Both of these two courses will be taught by Prof. Adelaida Reyes. Contemporary Issues in Ethnomusicology classes will be held in the mornings, and Ethnomusicological Method from the Ground-Up classes in the afternoons.


Prof. Adelaida Reyes got her Ph.D. in Ethnomusicology from Columbia University, and has taught at Columbia University, New York University, Juilliard School of Music, and New Jersey City University. She is the author of Songs of the Caged and Songs of the Free. Music and the Vietnamese Refugee Experience (Temple University Press), Music in America (Oxford University Press), and numerous articles.

Reyes received fellowships from Columbia University, National Endowment for the Arts, National Endowment for the Humanities, Fulbright Specialist Program, Rockefeller Foundation, Oxford University, and Rockefeller Research Center at Bellagio.

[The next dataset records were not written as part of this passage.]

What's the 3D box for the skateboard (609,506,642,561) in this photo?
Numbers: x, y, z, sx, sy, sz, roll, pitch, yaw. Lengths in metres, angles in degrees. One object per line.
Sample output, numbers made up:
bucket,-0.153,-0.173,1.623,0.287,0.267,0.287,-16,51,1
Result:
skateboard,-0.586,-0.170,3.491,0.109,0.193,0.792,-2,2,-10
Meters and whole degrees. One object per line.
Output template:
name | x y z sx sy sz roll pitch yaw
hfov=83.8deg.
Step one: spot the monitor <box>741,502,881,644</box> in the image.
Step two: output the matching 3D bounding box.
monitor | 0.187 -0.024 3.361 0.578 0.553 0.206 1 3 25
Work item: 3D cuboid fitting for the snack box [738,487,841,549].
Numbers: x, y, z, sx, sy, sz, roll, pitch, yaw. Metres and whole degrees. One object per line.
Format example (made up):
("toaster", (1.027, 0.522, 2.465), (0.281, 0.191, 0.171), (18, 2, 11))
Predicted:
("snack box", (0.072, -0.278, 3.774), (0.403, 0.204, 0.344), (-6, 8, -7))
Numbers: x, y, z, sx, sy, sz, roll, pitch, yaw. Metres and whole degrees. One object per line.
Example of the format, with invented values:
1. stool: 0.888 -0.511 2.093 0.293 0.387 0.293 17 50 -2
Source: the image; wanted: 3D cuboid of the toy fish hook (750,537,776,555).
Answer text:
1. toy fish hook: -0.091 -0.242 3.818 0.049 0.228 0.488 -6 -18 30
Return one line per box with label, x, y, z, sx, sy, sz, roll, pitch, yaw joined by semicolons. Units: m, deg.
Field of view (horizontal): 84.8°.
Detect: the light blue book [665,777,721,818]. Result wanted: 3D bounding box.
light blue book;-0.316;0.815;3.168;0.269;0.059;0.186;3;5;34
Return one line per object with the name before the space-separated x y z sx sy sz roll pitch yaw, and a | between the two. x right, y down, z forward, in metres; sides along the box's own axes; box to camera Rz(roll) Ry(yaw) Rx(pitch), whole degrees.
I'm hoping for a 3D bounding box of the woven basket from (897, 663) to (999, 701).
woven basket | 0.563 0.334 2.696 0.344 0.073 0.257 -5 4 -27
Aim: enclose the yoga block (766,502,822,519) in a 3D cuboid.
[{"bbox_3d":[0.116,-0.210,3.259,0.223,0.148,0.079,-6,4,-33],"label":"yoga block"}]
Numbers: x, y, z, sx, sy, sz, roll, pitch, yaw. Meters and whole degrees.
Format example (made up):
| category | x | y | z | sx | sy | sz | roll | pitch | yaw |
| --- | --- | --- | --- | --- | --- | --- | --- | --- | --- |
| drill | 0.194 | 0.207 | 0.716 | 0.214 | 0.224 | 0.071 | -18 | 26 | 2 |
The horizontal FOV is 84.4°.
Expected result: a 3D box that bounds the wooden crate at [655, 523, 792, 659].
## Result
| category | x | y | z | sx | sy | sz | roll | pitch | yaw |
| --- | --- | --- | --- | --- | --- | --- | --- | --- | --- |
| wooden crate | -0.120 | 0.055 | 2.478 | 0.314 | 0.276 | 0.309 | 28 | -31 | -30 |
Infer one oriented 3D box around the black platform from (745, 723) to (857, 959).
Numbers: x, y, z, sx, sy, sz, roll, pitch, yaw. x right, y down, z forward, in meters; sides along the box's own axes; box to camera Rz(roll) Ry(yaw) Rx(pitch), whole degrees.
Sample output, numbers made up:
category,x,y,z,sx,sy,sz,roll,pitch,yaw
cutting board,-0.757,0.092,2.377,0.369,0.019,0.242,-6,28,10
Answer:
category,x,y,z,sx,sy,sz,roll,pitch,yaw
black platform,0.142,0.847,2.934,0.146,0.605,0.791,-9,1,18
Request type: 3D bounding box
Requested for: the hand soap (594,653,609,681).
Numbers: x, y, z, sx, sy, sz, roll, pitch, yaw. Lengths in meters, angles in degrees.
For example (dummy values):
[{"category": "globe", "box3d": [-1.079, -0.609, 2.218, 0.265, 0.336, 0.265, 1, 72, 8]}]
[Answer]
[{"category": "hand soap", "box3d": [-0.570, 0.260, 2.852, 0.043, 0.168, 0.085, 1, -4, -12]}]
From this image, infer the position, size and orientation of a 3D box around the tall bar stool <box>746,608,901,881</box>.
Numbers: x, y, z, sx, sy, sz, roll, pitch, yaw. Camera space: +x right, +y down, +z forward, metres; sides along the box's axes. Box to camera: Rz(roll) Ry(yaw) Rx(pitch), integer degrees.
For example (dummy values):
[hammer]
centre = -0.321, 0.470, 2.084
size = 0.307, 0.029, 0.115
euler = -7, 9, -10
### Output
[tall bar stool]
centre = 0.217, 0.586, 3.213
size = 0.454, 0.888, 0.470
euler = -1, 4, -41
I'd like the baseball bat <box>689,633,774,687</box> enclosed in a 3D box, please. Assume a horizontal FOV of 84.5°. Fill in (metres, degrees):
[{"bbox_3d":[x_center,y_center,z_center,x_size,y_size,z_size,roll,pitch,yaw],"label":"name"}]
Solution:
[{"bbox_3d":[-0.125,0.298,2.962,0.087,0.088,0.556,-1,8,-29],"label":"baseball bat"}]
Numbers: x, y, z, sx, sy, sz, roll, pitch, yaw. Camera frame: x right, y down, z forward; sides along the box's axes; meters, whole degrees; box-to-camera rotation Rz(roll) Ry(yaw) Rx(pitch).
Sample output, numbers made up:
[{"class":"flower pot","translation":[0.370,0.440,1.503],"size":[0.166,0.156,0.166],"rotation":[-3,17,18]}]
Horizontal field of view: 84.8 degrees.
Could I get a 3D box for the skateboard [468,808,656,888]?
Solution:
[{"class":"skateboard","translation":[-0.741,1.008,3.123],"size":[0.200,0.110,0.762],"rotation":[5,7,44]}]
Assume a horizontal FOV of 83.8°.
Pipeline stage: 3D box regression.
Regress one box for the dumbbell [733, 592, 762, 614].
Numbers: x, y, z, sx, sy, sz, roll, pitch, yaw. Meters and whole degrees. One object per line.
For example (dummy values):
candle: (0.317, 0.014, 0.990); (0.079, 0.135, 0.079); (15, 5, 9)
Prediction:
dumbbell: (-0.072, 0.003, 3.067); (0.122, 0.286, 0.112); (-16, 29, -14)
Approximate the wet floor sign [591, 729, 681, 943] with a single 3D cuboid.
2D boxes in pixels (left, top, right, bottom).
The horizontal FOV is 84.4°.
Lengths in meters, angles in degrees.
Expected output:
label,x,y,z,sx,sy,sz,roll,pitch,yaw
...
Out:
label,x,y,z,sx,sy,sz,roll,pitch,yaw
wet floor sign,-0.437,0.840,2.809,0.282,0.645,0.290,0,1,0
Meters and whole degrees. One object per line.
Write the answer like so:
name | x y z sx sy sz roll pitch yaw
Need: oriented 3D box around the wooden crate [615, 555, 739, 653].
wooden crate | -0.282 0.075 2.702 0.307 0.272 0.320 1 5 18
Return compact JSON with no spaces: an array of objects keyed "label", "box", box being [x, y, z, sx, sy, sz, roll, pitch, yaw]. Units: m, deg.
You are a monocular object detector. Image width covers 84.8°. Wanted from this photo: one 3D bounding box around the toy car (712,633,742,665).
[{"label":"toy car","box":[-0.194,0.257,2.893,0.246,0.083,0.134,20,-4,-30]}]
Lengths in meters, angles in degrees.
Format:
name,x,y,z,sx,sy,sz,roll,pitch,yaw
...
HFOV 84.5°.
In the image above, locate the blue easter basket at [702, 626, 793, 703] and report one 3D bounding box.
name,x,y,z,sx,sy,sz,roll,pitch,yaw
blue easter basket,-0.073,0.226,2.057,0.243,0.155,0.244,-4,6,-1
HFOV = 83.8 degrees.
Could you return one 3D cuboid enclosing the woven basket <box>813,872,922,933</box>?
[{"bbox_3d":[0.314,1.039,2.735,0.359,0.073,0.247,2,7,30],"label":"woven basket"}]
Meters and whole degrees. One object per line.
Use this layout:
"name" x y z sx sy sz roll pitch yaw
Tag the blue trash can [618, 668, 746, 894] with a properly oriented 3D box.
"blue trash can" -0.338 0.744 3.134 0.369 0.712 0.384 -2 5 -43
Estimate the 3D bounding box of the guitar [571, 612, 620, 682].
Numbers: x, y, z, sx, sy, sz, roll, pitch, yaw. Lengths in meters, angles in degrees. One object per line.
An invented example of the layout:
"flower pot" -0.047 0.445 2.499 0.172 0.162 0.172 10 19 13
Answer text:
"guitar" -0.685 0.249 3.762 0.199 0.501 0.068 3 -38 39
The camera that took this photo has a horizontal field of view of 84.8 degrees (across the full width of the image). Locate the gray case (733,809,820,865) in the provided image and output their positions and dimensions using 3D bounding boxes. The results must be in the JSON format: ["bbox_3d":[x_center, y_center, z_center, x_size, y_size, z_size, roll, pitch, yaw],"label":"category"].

She is a recipient of a lifetime Achievement Award from the Society for Ethnomusicology (Mid-Atlantic Chapter), and has a lifetime membership from the European Seminar in Ethnomusicology.


Contemporary Issues in Ethnomusicology (June 20-28)


The significance that ethnomusicology gives to the context from which music draws meaning requires due attention to global and local forces that affect the environment in which musical lives are lived. This course responds to that requirement by examining some of the most salient contemporary phenomena that shape those environments (e.g., migration, globalization, technology).

At the same time, the course will be attentive to theoretical approaches that shed light on the integration of music and such contemporary contexts. Case studies will provide illustrations as well as springboards for further discussion.


Application form


Ethnomusicological Method from the Ground-Up (June 20-28)


This course takes an interactive approach to methodology. Underscoring the value of the experiential, the course begins with observable field situations (with audiovisual materials to simulate reality) and the simple questions they initially raise. Emphasis will be placed on learning through an awareness of the step-by-step procedures by which those early questions are continually refined in the course of the search for understanding and explanation.

Supplementing the experiential will be readings from the literature on method in ethnomusicology as well as from related disciplines. Ultimately, the aim is to lay a methodological foundation that can support methods applicable to a wide range of ethnomusicological research.